§ Work request
Copy out all lines of the records in which the word "each" appears.

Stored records
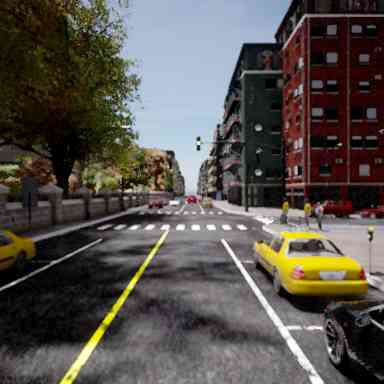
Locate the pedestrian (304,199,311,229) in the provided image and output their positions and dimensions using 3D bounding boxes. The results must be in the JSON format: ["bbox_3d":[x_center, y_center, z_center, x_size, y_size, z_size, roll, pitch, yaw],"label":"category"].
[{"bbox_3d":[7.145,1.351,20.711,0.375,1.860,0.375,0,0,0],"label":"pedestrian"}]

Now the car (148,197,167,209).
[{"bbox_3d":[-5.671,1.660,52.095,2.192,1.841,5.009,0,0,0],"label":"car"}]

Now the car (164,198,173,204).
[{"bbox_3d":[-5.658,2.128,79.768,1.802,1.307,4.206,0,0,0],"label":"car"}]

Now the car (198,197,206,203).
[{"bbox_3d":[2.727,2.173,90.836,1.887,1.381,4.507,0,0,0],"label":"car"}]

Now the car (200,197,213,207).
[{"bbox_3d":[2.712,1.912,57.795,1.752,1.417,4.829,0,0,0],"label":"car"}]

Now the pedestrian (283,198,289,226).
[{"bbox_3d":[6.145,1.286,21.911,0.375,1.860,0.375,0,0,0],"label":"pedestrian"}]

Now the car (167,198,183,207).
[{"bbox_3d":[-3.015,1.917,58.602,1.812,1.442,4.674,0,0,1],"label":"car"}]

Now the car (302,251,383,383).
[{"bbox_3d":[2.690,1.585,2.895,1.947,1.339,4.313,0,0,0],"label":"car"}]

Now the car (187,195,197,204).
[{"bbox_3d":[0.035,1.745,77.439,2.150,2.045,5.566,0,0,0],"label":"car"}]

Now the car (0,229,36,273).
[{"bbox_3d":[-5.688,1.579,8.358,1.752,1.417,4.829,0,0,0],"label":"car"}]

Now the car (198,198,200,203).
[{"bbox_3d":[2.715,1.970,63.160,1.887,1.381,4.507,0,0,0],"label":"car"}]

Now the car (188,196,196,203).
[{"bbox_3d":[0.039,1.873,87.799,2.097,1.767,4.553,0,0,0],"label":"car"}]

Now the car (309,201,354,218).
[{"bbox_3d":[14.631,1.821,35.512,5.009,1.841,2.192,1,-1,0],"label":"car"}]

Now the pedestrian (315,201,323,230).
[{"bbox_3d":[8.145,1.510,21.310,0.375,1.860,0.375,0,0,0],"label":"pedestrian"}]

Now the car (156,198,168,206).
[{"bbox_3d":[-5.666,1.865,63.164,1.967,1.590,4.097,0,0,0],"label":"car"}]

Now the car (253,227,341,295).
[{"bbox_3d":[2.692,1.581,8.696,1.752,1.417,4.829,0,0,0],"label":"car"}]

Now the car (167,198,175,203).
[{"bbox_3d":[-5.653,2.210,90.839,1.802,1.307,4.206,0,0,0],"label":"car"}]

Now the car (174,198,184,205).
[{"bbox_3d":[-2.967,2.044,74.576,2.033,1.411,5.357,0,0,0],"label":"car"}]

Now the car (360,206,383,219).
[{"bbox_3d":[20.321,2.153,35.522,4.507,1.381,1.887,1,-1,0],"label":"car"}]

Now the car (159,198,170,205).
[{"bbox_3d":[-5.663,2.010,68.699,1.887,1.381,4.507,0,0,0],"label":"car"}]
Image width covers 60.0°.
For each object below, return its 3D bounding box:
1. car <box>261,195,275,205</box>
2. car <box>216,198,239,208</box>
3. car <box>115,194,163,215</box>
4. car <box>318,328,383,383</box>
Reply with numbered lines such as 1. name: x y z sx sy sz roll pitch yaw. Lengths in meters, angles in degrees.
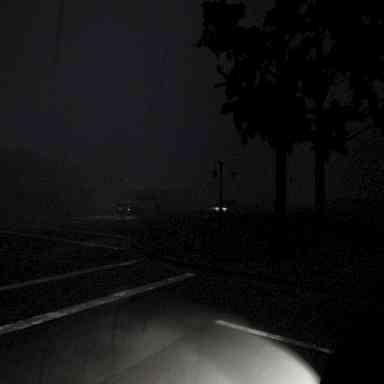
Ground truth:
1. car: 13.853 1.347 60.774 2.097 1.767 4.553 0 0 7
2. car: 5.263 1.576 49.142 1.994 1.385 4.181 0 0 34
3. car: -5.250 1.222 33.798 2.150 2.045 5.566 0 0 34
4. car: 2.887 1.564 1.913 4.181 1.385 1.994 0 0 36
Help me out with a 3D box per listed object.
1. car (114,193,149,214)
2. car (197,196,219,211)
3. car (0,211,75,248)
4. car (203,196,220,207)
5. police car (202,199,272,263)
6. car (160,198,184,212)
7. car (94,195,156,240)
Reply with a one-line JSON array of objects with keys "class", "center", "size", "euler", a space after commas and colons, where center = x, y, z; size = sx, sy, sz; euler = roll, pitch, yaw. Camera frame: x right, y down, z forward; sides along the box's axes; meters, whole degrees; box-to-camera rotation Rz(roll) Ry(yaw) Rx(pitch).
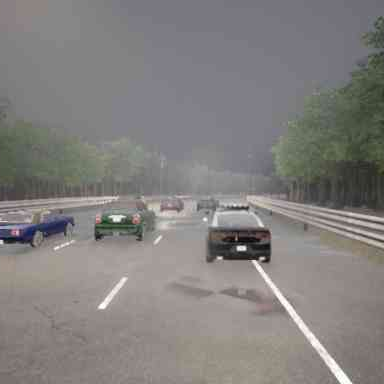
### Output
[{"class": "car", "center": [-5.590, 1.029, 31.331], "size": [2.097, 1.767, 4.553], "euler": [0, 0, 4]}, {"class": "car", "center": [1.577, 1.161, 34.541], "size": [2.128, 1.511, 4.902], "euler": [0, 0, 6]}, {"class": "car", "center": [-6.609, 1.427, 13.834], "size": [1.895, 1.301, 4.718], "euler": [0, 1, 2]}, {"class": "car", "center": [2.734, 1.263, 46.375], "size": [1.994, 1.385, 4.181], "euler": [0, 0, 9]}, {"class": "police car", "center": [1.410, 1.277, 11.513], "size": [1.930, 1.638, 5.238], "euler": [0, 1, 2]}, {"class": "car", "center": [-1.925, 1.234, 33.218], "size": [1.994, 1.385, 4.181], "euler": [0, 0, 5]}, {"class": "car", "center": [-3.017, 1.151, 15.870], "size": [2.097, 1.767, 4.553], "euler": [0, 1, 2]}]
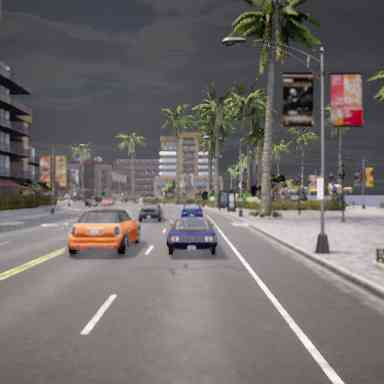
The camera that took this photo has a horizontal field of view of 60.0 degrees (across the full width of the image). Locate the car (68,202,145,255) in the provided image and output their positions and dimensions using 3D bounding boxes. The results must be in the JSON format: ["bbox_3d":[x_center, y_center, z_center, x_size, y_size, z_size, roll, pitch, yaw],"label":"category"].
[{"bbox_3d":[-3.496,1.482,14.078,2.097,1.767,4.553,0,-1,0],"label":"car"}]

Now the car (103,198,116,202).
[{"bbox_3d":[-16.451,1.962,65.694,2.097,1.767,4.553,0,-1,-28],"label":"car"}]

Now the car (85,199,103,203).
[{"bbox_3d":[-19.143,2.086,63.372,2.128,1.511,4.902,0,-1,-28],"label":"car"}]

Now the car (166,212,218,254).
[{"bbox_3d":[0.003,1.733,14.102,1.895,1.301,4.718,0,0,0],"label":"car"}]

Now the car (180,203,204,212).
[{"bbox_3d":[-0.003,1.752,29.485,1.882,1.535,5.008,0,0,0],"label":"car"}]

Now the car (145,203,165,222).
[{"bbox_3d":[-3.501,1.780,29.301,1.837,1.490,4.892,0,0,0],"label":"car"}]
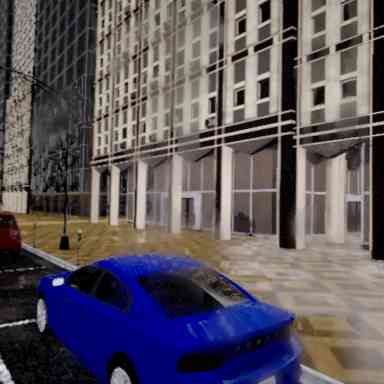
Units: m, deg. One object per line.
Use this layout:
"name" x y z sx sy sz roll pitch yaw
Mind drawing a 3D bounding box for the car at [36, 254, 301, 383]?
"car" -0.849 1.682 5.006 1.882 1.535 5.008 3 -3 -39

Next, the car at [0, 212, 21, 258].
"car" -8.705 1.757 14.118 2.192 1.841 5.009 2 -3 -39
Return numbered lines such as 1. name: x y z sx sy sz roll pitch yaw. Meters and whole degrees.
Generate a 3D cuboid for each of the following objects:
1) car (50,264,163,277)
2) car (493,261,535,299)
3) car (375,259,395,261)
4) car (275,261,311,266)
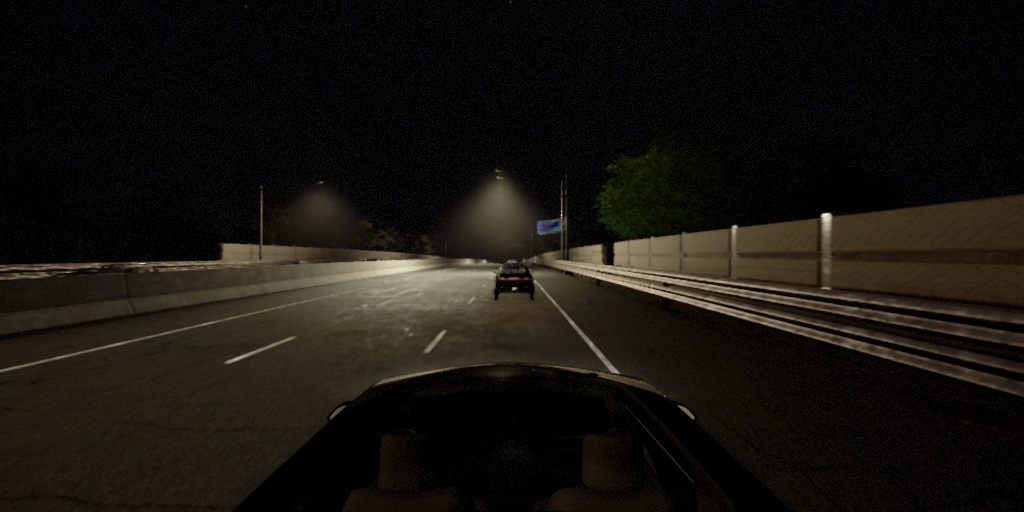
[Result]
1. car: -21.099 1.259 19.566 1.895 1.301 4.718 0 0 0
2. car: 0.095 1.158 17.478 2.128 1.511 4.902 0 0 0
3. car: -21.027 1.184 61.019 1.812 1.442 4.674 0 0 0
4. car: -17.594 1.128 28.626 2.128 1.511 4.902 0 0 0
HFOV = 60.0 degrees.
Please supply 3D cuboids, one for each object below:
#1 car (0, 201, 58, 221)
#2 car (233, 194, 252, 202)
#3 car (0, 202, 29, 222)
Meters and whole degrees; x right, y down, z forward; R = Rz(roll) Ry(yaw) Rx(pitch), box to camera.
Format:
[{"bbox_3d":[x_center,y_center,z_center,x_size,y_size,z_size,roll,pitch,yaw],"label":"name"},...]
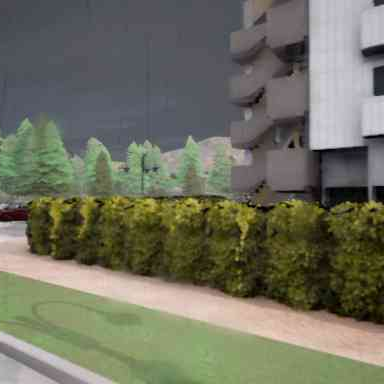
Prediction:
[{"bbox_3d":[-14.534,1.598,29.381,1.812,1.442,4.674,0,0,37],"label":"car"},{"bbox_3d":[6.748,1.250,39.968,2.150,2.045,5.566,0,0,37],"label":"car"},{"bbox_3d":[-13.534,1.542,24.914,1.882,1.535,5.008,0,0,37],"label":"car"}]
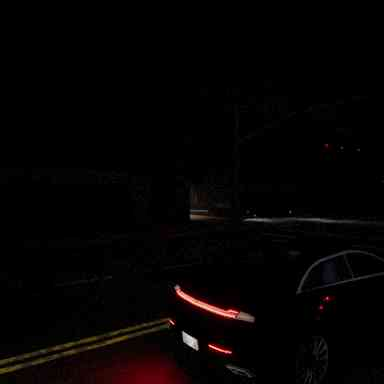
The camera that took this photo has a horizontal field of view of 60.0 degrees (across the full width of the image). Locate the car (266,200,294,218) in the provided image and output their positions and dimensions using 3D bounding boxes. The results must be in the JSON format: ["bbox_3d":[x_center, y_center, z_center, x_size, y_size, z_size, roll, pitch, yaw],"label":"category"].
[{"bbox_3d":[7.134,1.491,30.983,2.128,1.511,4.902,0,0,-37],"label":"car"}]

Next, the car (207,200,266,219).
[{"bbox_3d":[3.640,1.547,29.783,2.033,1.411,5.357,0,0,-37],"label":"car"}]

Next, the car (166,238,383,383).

§ Exercise answer
For each object below, return its 3D bounding box:
Generate a 3D cuboid for each of the following objects:
Please supply 3D cuboids, one for each object below:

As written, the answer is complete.